-- Opening Marker --

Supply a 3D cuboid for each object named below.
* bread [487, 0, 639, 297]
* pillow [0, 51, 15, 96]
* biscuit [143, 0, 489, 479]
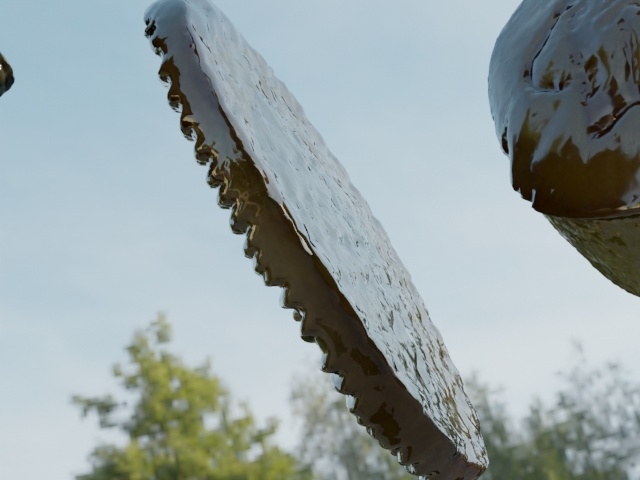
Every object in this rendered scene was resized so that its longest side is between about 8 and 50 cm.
[{"bbox_3d":[0.214,-0.092,0.835,0.269,0.270,0.148,-27,-56,24],"label":"bread"},{"bbox_3d":[-0.309,-0.138,0.901,0.189,0.034,0.256,-41,-61,-23],"label":"pillow"},{"bbox_3d":[0.000,0.000,0.867,0.040,0.318,0.318,-32,-30,9],"label":"biscuit"}]
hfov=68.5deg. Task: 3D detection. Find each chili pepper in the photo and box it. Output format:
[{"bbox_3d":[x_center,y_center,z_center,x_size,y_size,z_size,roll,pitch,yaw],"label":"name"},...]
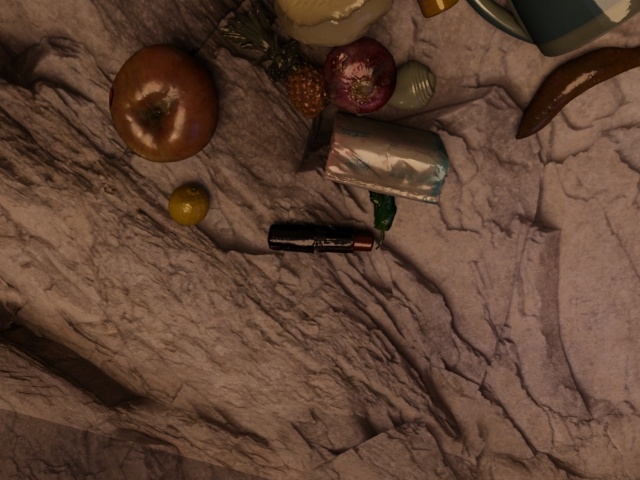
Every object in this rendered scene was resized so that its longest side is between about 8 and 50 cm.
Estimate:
[{"bbox_3d":[0.160,-0.082,1.219,0.065,0.122,0.279,9,158,18],"label":"chili pepper"}]

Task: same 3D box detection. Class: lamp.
[{"bbox_3d":[0.167,-0.338,1.068,0.193,0.106,0.106,-9,123,25],"label":"lamp"}]

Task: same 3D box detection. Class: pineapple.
[{"bbox_3d":[-0.086,-0.400,1.048,0.277,0.119,0.130,45,162,-21],"label":"pineapple"}]

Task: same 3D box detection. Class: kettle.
[{"bbox_3d":[0.393,-0.526,0.845,0.342,0.247,0.319,46,144,-14],"label":"kettle"}]

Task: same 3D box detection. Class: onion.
[{"bbox_3d":[0.081,-0.358,0.998,0.159,0.195,0.159,0,129,0],"label":"onion"}]

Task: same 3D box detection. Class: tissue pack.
[{"bbox_3d":[0.152,-0.198,1.101,0.271,0.201,0.124,11,121,-3],"label":"tissue pack"}]

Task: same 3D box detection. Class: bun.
[{"bbox_3d":[0.045,-0.504,0.896,0.287,0.146,0.287,-3,84,27],"label":"bun"}]

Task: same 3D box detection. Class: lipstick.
[{"bbox_3d":[0.000,0.000,1.325,0.300,0.081,0.081,5,125,5],"label":"lipstick"}]

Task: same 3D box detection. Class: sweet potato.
[{"bbox_3d":[0.571,-0.350,1.022,0.346,0.079,0.108,-30,145,23],"label":"sweet potato"}]

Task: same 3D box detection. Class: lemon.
[{"bbox_3d":[-0.359,-0.099,1.286,0.109,0.109,0.133,21,133,-7],"label":"lemon"}]

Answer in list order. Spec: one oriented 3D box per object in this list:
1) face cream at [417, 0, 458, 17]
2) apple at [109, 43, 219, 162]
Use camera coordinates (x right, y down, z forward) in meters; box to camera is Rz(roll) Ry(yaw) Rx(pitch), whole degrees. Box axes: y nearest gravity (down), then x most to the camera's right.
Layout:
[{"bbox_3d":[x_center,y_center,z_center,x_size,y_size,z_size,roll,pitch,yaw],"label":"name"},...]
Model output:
[{"bbox_3d":[0.186,-0.579,0.906,0.078,0.078,0.273,-21,119,20],"label":"face cream"},{"bbox_3d":[-0.355,-0.311,1.088,0.261,0.194,0.261,2,123,3],"label":"apple"}]
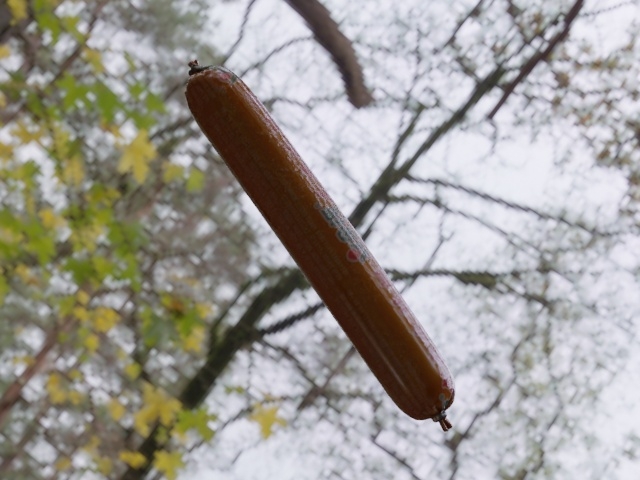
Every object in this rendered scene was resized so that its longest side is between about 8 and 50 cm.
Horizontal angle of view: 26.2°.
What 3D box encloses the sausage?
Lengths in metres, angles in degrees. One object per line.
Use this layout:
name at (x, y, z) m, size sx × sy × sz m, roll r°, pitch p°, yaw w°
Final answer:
sausage at (0.000, 0.000, 1.055) m, size 0.348 × 0.053 × 0.053 m, roll 55°, pitch -25°, yaw 6°
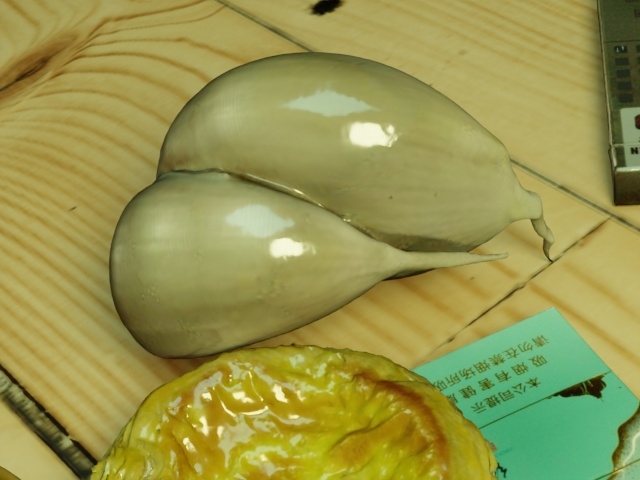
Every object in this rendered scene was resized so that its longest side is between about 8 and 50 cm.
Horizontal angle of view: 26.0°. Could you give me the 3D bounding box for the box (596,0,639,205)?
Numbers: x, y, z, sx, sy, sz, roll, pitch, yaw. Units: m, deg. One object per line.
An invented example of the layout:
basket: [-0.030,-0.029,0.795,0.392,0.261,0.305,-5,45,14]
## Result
box: [0.354,-0.154,1.289,0.180,0.047,0.325,-3,42,10]

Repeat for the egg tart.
egg tart: [-0.022,0.193,0.924,0.295,0.116,0.295,-7,38,6]

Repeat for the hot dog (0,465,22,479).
hot dog: [-0.249,0.207,1.006,0.140,0.060,0.090,6,47,28]

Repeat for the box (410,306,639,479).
box: [0.159,0.154,0.982,0.162,0.041,0.229,-22,42,-12]

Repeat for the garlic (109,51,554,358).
garlic: [0.000,0.000,1.057,0.340,0.246,0.231,3,51,13]
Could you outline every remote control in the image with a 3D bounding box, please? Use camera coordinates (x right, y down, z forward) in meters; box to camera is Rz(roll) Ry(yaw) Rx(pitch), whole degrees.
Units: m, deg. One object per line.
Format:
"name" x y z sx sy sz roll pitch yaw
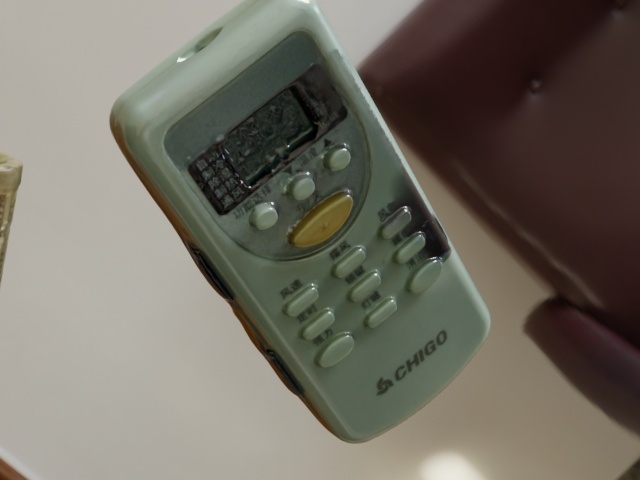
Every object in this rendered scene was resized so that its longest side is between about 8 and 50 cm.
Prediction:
"remote control" 0.000 0.000 0.729 0.140 0.296 0.056 -38 34 -8

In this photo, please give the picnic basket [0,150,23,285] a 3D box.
"picnic basket" -0.323 0.026 0.523 0.228 0.312 0.175 21 106 34

-- Closing Marker --

* Activity *
If a line in the material above contains "bounding", show that line.

* Exercise response *
Horizontal angle of view: 26.0°. Could you give me the 3D bounding box for the box (596,0,639,205)?
Could you outline every remote control in the image with a 3D bounding box, please? Use camera coordinates (x right, y down, z forward) in meters; box to camera is Rz(roll) Ry(yaw) Rx(pitch), whole degrees.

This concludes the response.